Mariah Sparks

2022-07-22

Show that: $\sum {x}_{i}{e}_{i}=0$ and also show that $\sum {\stackrel{^}{y}}_{i}{e}_{i}=0$. Now I do believe that being able to solve the first sum will make the solution to the second sum more clear. So far I have proved that $\sum {e}_{i}=0$.

Kitamiliseakekw

Here's one way of viewing it. We want to write
$\left[\begin{array}{c}{y}_{1}\\ ⋮\\ {y}_{n}\end{array}\right]=\stackrel{^}{\alpha }\left[\begin{array}{c}1\\ ⋮\\ 1\end{array}\right]+\stackrel{^}{\beta }\left[\begin{array}{c}{x}_{1}\\ ⋮\\ {x}_{n}\end{array}\right]+\left[\begin{array}{c}{\stackrel{^}{\epsilon }}_{1}\\ ⋮\\ {\epsilon }_{n}\end{array}\right]$
and choose the values of $\stackrel{^}{\alpha }$ and $\stackrel{^}{\beta }$ that minimze ${\stackrel{^}{\epsilon }}_{1}^{2}+\cdots +{\stackrel{^}{\epsilon }}_{n}^{2}$. The sum of the first two terms on the right is $\left[{\stackrel{^}{y}}_{1},\dots ,{\stackrel{^}{y}}_{n}{\right]}^{T}$.
That means the point $\left[\begin{array}{c}{\stackrel{^}{y}}_{1}\\ ⋮\\ {y}_{n}\end{array}\right]=\stackrel{^}{\alpha }\left[\begin{array}{c}1\\ ⋮\\ 1\end{array}\right]+\stackrel{^}{\beta }\left[\begin{array}{c}{x}_{1}\\ ⋮\\ {x}_{n}\end{array}\right]$ is closer to $\left[\begin{array}{c}{y}_{1}\\ ⋮\\ {y}_{n}\end{array}\right]$ in ordinary Euclidean distance than is any other point in the plane spanned by $\left[\begin{array}{c}1\\ ⋮\\ 1\end{array}\right]$ and $\left[\begin{array}{c}{x}_{1}\\ ⋮\\ {x}_{n}\end{array}\right]$. The point in a plane that is closet to $\mathbf{y}$ is the point you get by dropping a perpendicular from $\mathbf{y}$ to the plane.

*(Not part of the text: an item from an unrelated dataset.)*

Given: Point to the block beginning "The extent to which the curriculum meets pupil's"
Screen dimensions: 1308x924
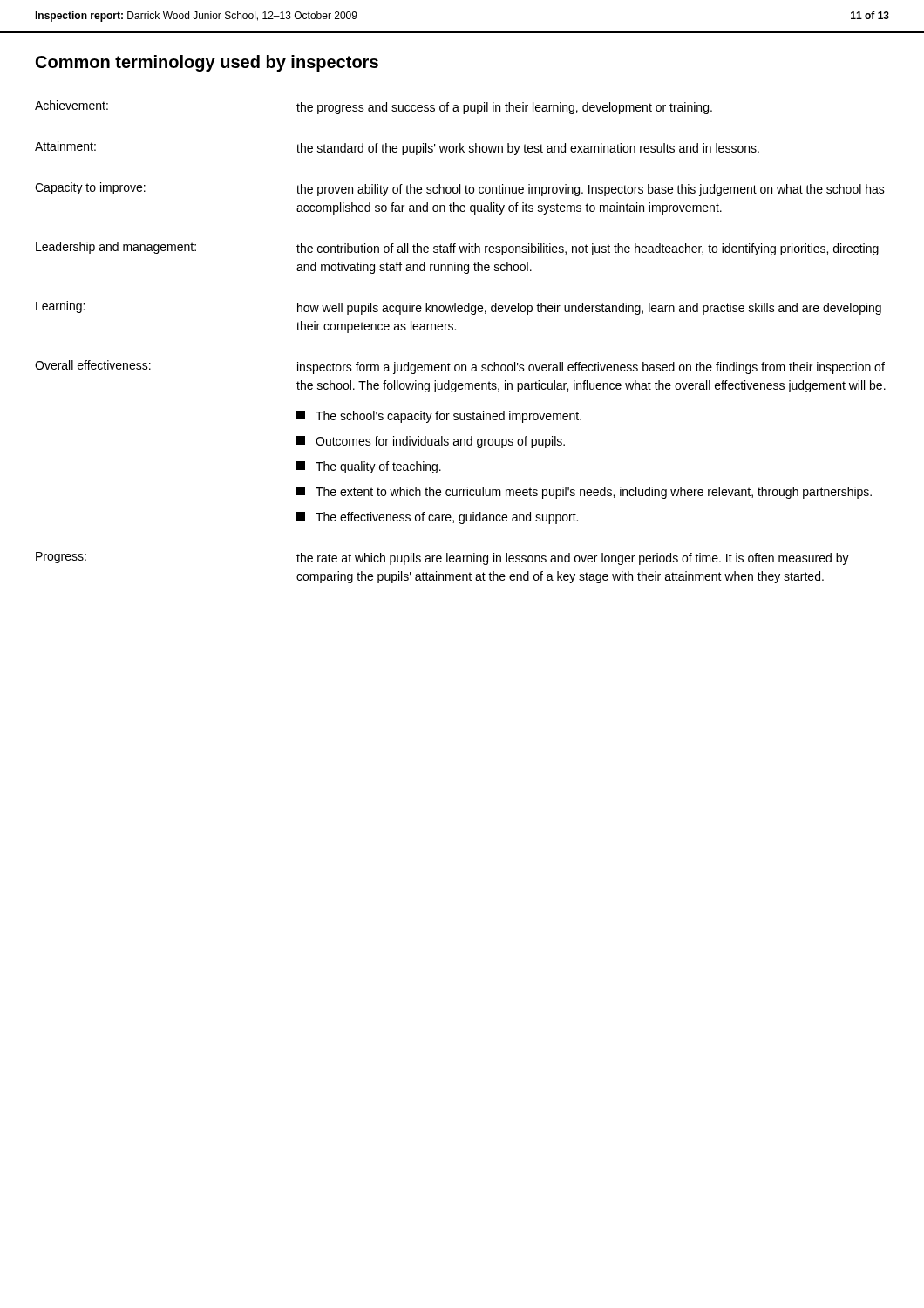Looking at the screenshot, I should point(585,492).

That means $\stackrel{^}{\epsilon }=\stackrel{^}{\mathbf{y}}-\mathbf{y}$ is perpendicular to the two columns that span the plane, and thus perpendicular to every linear combination of them, such as $\stackrel{^}{\mathbf{y}}$. "Perpendicular" means the dot-product is zero. Q.E.D.
The vector of fitted values $\stackrel{^}{\mathbf{y}}=\left[\begin{array}{c}{\stackrel{^}{y}}_{1}\\ ⋮\\ {\stackrel{^}{y}}_{n}\end{array}\right]$ is the orthogonal projection of the vector $\mathbf{y}=\left[\begin{array}{c}{y}_{1}\\ ⋮\\ {y}_{n}\end{array}\right]$ onto the column space of the design matrix $X=\left[\begin{array}{cc}1& {x}_{1}\\ ⋮& ⋮\\ 1& {x}_{n}\end{array}\right]$.
The orthogonal projection is a linear transformation whose matrix is the "hat matrix" is $H=X\left({X}^{T}X{\right)}^{-1}{X}^{T}$, an $n×n$ matrix of rank $2$. Observe that if $\mathbf{w}$ is orthogonal to that column space then $X\mathbf{w}=0$ so $H\mathbf{w}=0$, and if $\mathbf{w}$ is in the column space, then $\mathbf{w}=Xu$ for some $u\in {\mathbb{R}}^{2}$, and so $H\mathbf{w}=\mathbf{w}$.
It follows that $\stackrel{^}{\epsilon }=\mathbf{y}-\stackrel{^}{\mathbf{y}}=\left(I-H\right)\mathbf{y}$ is orthogonal to the column space. Since $\stackrel{^}{\mathbf{y}}$ is in the column space, $\stackrel{^}{\epsilon }$ is orthogonal to $\stackrel{^}{\mathbf{y}}$.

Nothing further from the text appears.